In April of 2008, students in Kay Gonzalez-Vilbazo’s seminar on code-switching gave talks as part of a linguistics series known as University of Illinois at Chicago (UIC) Talks in Linguistics (TiL). The first Bilingualism Forum (BilForum) was organized by many of those students, and additional faculty, the following fall. The fifth installment took place on October 20-21 this year.
Carmel O'Shannessy was one of two keynote speakers at BilForum. The Forum, organized by graduate students, is held every two years and features talks on all aspects of bilingualism. Presenters came from all over the US and internationally. Carmel's talk, titled "Multilingualism and the emergence of Light Warlpiri, an Australian mixed language" was very well received. You can find the abstract below.
A combination of multilingual and sociocultural practices prompted the emergence of Light Warlpiri, a mixed language spoken in a Warlpiri community in northern Australia. In the 1970-80s adult speakers of Warlpiri in one community code-switched to very young children in a specific pattern that was then conventionalized by the children as a single code. The sources of Light Warlpiri are typologically different – English-lexified varieties (English and Kriol), and Australian Warlpiri (Pama-Nyungan). Defining features of Light Warlpiri are re-analyzed verbal structure, derived from English and Kriol, with innovations, combined with the Warlpiri nominal case-marking system. The system emerged about 40 years ago, allowing us the opportunity to track its origin and path of development. Light Warlpiri speakers are multilingual, also speaking Warlpiri and varieties of English, and switching between them fluidly.
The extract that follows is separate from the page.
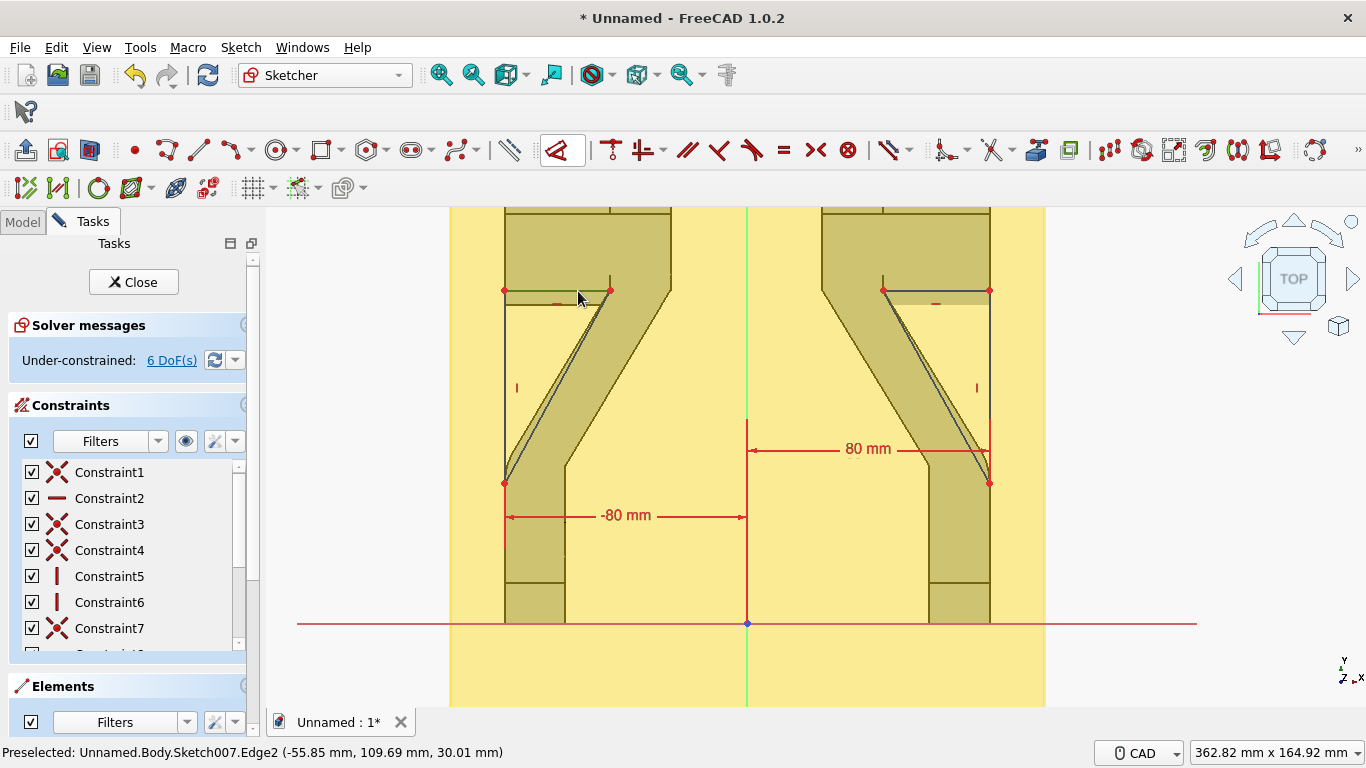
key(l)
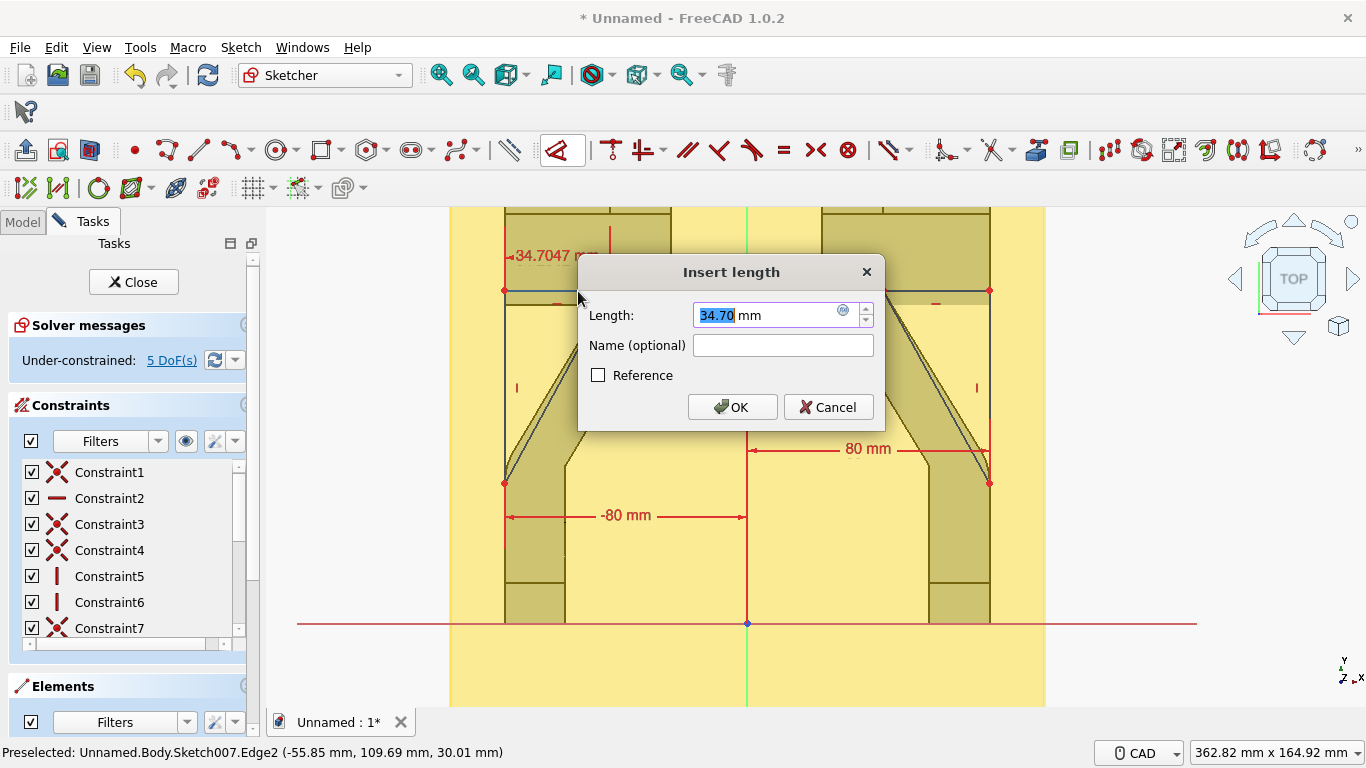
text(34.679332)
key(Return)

In this paper I will first illustrate the multilingual sources of elements of Light Warlpiri grammar and phonology, and show how they combine in the new system. I will then turn to how speakers manage their multilingual repertoires, including differentiation between languages, interesting given that some properties of Light Warlpiri and Warlpiri overlap. Differentiation is seen in verbal structure, nominal morphology, phonotactics and lexical choices. Speaker practices include code-switching between Light Warlpiri and Warlpiri, which aids the maintenance of Warlpiri. Finally, I will address a mechanism of language change in multilingual contexts, arguing for a two-stage model of change, where consistent input from adults is taken up by children and altered incrementally through known processes of first language acquisition.